We didn’t have to write actions, action types, reducers, selectors, effects and more importantly, we didn’t have to maintain them.
This being said the BehaviorSubject service approach had some downsides too:
- They were brittle and unopinionated.
- We had to know RxJS extremely well.
- We had to worry about multicasting.
- We had to worry about unsubscribing from observables to avoid memory leaks.
- When using
combineLatest()
the observable could be triggered multiple times in one change-detection cycle if their source observables emitted at the same time. - Snapshots were only available in BehaviorSubjects, not in the calculated state.
- We couldn’t patch multiple BehaviorSubjects in one go.
ObservableState
To fix all these problems we created ObservableState. ObservableState is a <100 lines of code class that does not contain any complexity but solves a lot of issues for us:
- It abstracts RxJS complexity away.
- It unsubscribes for us.
- It handles multicasting for us.
- It exposes our state as an Observable.
- It exposes a snapshot of our state.
- It’s completely typesafe.
- We can just connect multiple observables at the same time with a
connect()
method. Takes care of multicasting, unsubscribing, etc… - It can be used for component state and global state.

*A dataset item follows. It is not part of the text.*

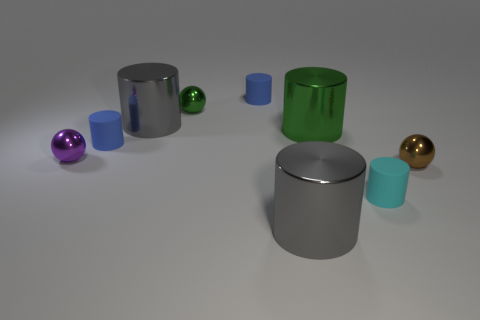Subtract all big green metallic cylinders. How many cylinders are left? 5 Add 1 cyan matte objects. How many objects exist? 10 Subtract all blue cylinders. How many cylinders are left? 4 Subtract all balls. How many objects are left? 6 Subtract all cyan cylinders. How many green spheres are left? 1 Add 7 big blue cylinders. How many big blue cylinders exist? 7 Subtract 1 cyan cylinders. How many objects are left? 8 Subtract 1 spheres. How many spheres are left? 2 Subtract all red cylinders. Subtract all blue spheres. How many cylinders are left? 6 Subtract all large cyan spheres. Subtract all small purple spheres. How many objects are left? 8

- It’s tiny and easy to understand.
- we can still combine it with RxJS as much as we want.
- It’s junior-friendly.
- We can provide it on every level of the dependency injection tree.
- It’s easy to create ViewModels from them.
Behind the scenes, ObservableState is a BehaviorSubject on steroids that makes state management in Angular much easier. You can copy-paste it in your project, the code is easy to understand/maintain and you can adapt the code as you like, without having to rely on third-party state management frameworks that could make your application more complex.
The core principles of ObservableState are:
- You always need to initialize your state with default values.
- The state should be synchronous.
- The state should be reactive but also provide a snapshot.
- We should be able to calculate state by other calculated state.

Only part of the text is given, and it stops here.